Le virus de la grippe A (IAV) a été séquencé et les souches de virus de la grippe porcine ont été évaluées à l’aide des séquences de référence de la base de données de recherche sur la grippe (IRD) et de la base de données de l’initiative mondiale sur le partage de toutes les données sur la grippe (GISAID). Les longueurs des branches représentant les distances antigéniques, ainsi que les anneaux phylogénétiques hôte-porc, hôte-humain et date d’isolement, ont été évalués.

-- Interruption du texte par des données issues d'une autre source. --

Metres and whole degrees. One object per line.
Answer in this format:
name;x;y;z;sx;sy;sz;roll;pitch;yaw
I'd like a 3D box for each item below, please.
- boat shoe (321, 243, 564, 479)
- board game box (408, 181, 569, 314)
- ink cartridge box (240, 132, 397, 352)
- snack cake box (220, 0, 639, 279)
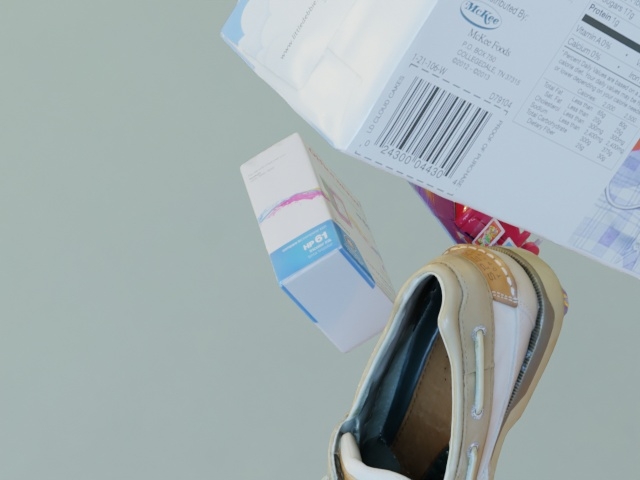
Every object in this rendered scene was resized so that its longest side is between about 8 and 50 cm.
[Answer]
boat shoe;0.050;0.144;1.186;0.103;0.113;0.302;3;-75;-50
board game box;0.125;-0.018;1.362;0.033;0.169;0.133;-46;-30;20
ink cartridge box;0.000;0.000;1.290;0.052;0.088;0.122;-33;43;10
snack cake box;0.117;-0.072;0.668;0.152;0.264;0.089;-58;41;12

Pour explorer davantage la constitution génomique des virus de la grippe porcine H1N2, toutes les séquences porcines ont été téléchargées et divisées en 12 génotypes allant de G1 à G12. L’analyse des marqueurs moléculaires a été effectuée et l’origine des gènes HA a été déterminée.
Résultats
L’arbre de probabilité maximale des segments H1 de la pandémie humaine et porcine comprenait respectivement 361 et 2 427 virus d’origine porcine et humaine. Trois souches du virus de la grippe porcine H1N2, dont A/swine/Liaoning/3330/2020, A/swine/Liaoning/3327/2020 et A/swine/Liaoning/3328/2020, ont été identifiées. Les trois isolats viraux étaient de nouveaux triples réassortis appartenant au génotype G12.
Les gènes de la polymérase, de la matrice (M) et de la nucléoprotéine (NP), ainsi que les souches porcines 2009/H1N1, ont été regroupés, tandis que les gènes de la neuraminidase (NA) et les souches humaines H3N2 ont été regroupés, et les gènes non structuraux (NS) les gènes et les souches TR H1N2 ont été regroupés.

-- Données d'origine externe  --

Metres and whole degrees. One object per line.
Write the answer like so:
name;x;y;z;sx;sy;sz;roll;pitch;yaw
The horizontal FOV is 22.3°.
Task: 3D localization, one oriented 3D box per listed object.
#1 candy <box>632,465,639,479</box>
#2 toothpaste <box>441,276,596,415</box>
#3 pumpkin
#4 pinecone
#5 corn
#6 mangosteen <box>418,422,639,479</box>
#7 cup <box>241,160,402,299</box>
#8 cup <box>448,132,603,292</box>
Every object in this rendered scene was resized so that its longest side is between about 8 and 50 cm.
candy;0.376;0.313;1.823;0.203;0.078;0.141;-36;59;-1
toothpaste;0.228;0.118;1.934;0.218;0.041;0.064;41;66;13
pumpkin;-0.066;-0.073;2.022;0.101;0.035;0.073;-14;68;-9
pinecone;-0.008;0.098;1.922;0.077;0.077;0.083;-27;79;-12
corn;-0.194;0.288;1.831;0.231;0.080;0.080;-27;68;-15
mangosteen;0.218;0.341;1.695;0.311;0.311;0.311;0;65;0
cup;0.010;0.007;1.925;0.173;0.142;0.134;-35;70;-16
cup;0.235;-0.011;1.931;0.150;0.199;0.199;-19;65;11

Les trois virus de la grippe porcine H1N2 détectés dans la province du Liaoning ont obtenu leurs gènes HA des virus humains pandémiques H1N1 de 2009 circulant en 2019 qui ont été transmis aux porcs par l’homme.

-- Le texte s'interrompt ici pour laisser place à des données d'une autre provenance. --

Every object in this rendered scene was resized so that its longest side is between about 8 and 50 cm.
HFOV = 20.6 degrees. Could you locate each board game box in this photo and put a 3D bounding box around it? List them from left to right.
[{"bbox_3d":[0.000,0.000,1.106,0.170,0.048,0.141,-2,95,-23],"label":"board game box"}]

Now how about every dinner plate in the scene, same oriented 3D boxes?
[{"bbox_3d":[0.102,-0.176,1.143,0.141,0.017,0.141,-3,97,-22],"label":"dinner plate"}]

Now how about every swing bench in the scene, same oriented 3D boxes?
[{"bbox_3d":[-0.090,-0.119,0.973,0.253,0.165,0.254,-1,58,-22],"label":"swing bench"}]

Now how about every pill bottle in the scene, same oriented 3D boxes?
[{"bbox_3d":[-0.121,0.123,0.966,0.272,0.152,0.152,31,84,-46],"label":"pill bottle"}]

Les marqueurs moléculaires du gène HA qui améliorent la virulence et la capacité de liaison aux récepteurs, ainsi que provoquent des dérives antigéniques, comprenaient HA-158E, HA-190D et HA-200A, chacun ayant été identifié dans les virus de la grippe porcine 2019/H1N2. La mutation génétique I117V du gène NA a entraîné une légère diminution de la sensibilité à l’oseltamivir.
De plus, des marqueurs moléculaires contribuant aux capacités d’adaptation de l’hôte mammifère, notamment PA 195R, M1 215A et NS1 42S, ont été détectés dans les souches humaines pandémiques H1N2 de 2009. Les trois virus de la grippe porcine 2009/H1N2 comprenaient le motif PSIQSR/GLF au niveau de la région de clivage HA, qui est caractéristique des virus de la grippe aviaire de faible pathogénicité.
conclusion
Dans l’ensemble, les résultats de l’étude ont montré que la caractéristique du « récipient de mélange » du porc entraînait la commutation des composants génétiques entre les souches saisonnières humaines et les souches épidémiques de grippe porcine lors des co-infections porcines. Cela a généré de nouveaux réassortis avec une adaptabilité accrue aux humains et des potentiels pandémiques, comme démontré lors de l’émergence de 2009/H1N1. Ainsi, des recherches supplémentaires doivent être menées pour évaluer la surveillance du virus de la grippe porcine.
*Avis important: Prépublications avec The Lancet publie des rapports scientifiques préliminaires qui ne sont pas évalués par des pairs et, par conséquent, ne doivent pas être considérés comme concluants, guider la pratique clinique/les comportements liés à la santé, ou traités comme des informations établies.